Karnaukh notation, also known as Karnotation, was created by Daniel Karnaukh. It is based on the original notation, with brackets and slashes being removed, with the latter being replaced with spaces, and with letters being assigned to common move sets. This notation was proposed as an easier way to write, learn and share speedsolving algorithms. It was not intended to be used for scrambling the Square-1. The full notation is here, but this is an abridged version:^[3]


Abbreviation	U	U'	u	u'	D	D'	d	d'	E	E'	e	e'	M	M'	m	m'
Algorithm	(3,0)	(-3,0)	(2,-1)	(-2,1)	(0,3)	(0,-3)	(-1,2)	(1,-2)	(3,-3)	(-3,3)	(3,3)	(-3,-3)	(1,1)	(-1,-1)	(2,2)	(-2,-2)

World records

The world record for single solve is 3.41 seconds, set by Ryan Pilat of the United States at Wichita Family ArtVenture 2024.^[4]

The world record average of 5 solves (excluding fastest and slowest) is 4.81 seconds, set by Dylan Baumbach of the United States at Cube More in Ardmore 2024, with times of (4.19) 4.40 5.13 4.89 and (DNF) seconds.^[5]

Top 5 solvers by single solve^[4]

Name	Solve	Competition
Ryan Pilat	3.41s	Wichita Family ArtVenture 2024
Brendyn Dunagan	3.53s	La La Land 2024
Alessandro Ricci	3.61s	Ivrea: Back to Square One 2024
Sameer Aggarwal	3.68s	Bellevue Squan Fest 2024
Max Siauw	3.69s	UW or U Don't 2023

Top 5 solvers by Olympic average of 5 solves^[5]

Name	Average	Competition
Dylan Baumbach	4.81s	Cube More in Ardmore 2024
Max Siauw	4.91s	Stumptown Summer 2023
Hassan Khanani	4.97s	DFW Back to School 2024
Sameer Aggarwal	4.97s	NAC 2024
David Epstein	5.37s	Melbourne Summer 2023

Super Square One

The Super Square One is a 4-layer version of the Square-1. Just like the Square-1, it can adopt non-cubic shapes as it is twisted. As of 2009, it is sold by Uwe Mèffert in his puzzle shop, Meffert's.

It consists of 4 layers of 8 pieces, each surrounding a circular column which can be rotated along a perpendicular axis. This allows the pieces from the top and bottom layers and the middle two layers to be interchanged. Each layer consists of 8 movable pieces: 4 wider wedges and 4 narrower wedges. In the top and bottom layers, the wider pieces are the "corner" pieces, and the narrower pieces are the "edge pieces". In the middle two layers, the wider pieces are the "edge" pieces, and the narrower pieces are the "face centers". The wider pieces are exactly twice the angular width of the narrower pieces, so that two narrower pieces can fit in the place of one wider piece. Thus, they can be freely intermixed. This leads to the puzzle adopting a large variety of non-cubic shapes.

Square Two

The "Square Two" is yet another variation of the popular Square-1 puzzle, with extra cuts on the top and bottom layers. It is also currently marketed by Meffert's online store.

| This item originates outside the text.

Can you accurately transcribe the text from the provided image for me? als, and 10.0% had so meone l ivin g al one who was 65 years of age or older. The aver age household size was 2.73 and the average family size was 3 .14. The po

The Square Two is mechanically the same as a Square-1, but the large corner wedges of the top and bottom layers are cut in half, effectively making the corner wedges as versatile as the edge wedges. This removes the locking issue present on the Square-1, which in many ways makes the Square Two easier to solve (and scramble) than its predecessor.

Solution

The Square Two, like the Super Square One, isn't much more difficult than the Square-1. In many ways, it's actually easier considering one can always make a slice turn regardless of the positions of the top and bottom layers. Mostly, it's solved just like the Original, merely requiring the extra step of combining the corner wedges. After that, it is solved exactly like the Square-1.

Number of positions

There are a total of 24 wedge pieces on the puzzle.

Any permutation of the wedge pieces is possible, including even and odd permutations. This implies there are 24!=620,448,401,733,239,439,360,000 possible permutations of these pieces.

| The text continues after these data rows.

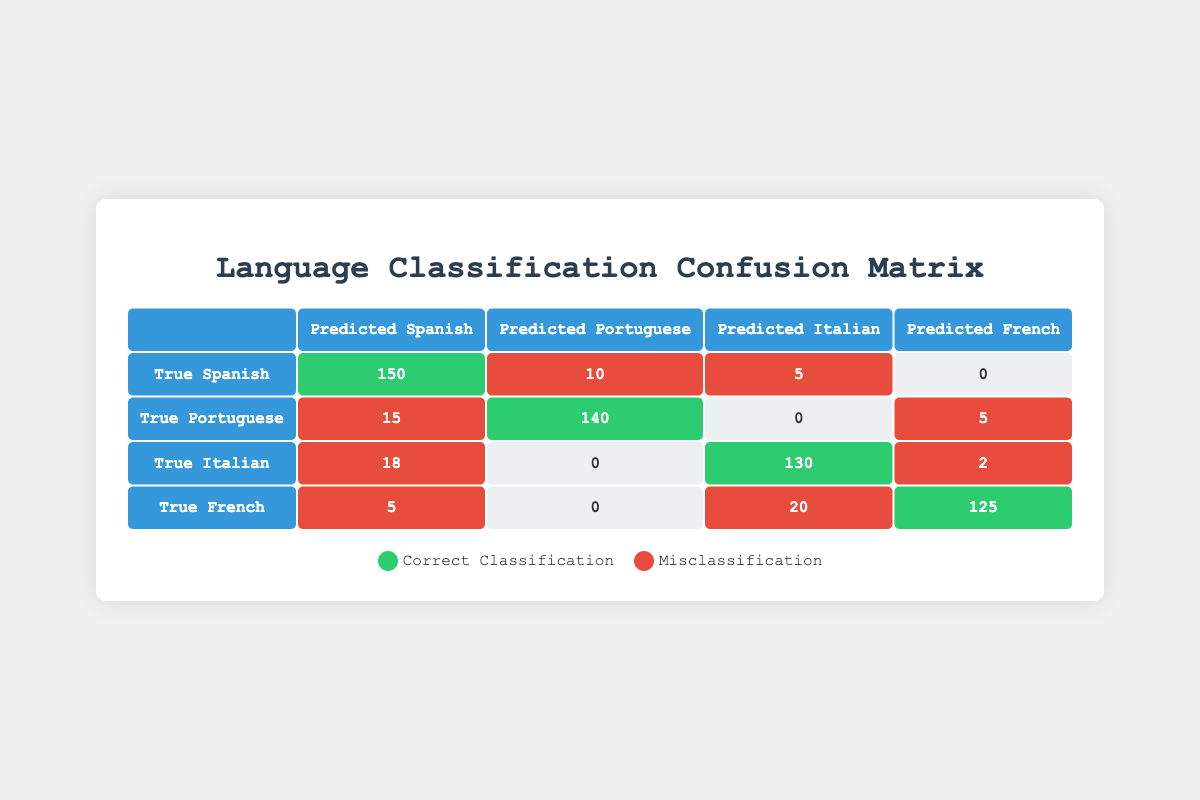What is the total number of correct classifications for Spanish? From the table, Spanish has 150 correct classifications (predicted as Spanish).
Answer: 150 What is the total number of false positives for Portuguese? To calculate false positives for Portuguese, we consider predictions of Portuguese when the true label is not Portuguese. Here, they are Spanish (15) and French (5), adding up to 15 + 5 = 20.
Answer: 20 Is the number of correct classifications for French greater than for Italian? The table shows French has 125 correct classifications and Italian has 130. Since 125 is less than 130, the statement is false.
Answer: No What is the total number of misclassifications for Italian? Misclassifications for Italian occur when Italian is predicted as Spanish (18), French (2), and none predicted as Portuguese. Adding these gives 18 + 2 = 20.
Answer: 20 Which language had the highest number of correct classifications? Looking at the diagonal values, Spanish has 150, Portuguese has 140, Italian has 130, and French has 125. The highest is Spanish with 150.
Answer: Spanish What is the total number of instances where French was misclassified? French was misclassified as Spanish (5) and Italian (20). Adding these values gives 5 + 20 = 25.
Answer: 25 What percentage of the total predictions made for Spanish were correct? The total predictions for Spanish are 150 correct (Spanish) and 15 (Portuguese) and 5 (Italian), totaling 150 + 15 + 5 = 170. Correct predictions are 150, so the percentage is (150/170) * 100 = 88.24%.
Answer: 88.24% How many instances in total were classified as Italian? Instances classified as Italian include correct (130) and those misclassified as Spanish (18) and French (2), totaling 130 + 18 + 2 = 150.
Answer: 150 What is the difference in misclassifications between Spanish and Portuguese? For Spanish, the misclassifications were to Portuguese (10) and Italian (5), totaling 10 + 5 = 15. For Portuguese, the misclassifications were to Spanish (15) and French (5), totaling 15 + 5 = 20. The difference is 20 - 15 = 5.
Answer: 5

However, the middle layer has two possible orientations for each position, increasing the number of positions by a factor of 2.

This would theoretically yield a grand total of (24!)*2=1,240,896,803,466,478,878,720,000 possible positions for the puzzle, but since the layers have 12 different orientations for each position, some positions have been counted too many times this way. This reduces the number of positions by 12^2.

The final count is (24!)/72=8,617,338,912,961,658,880,000 total possible positions.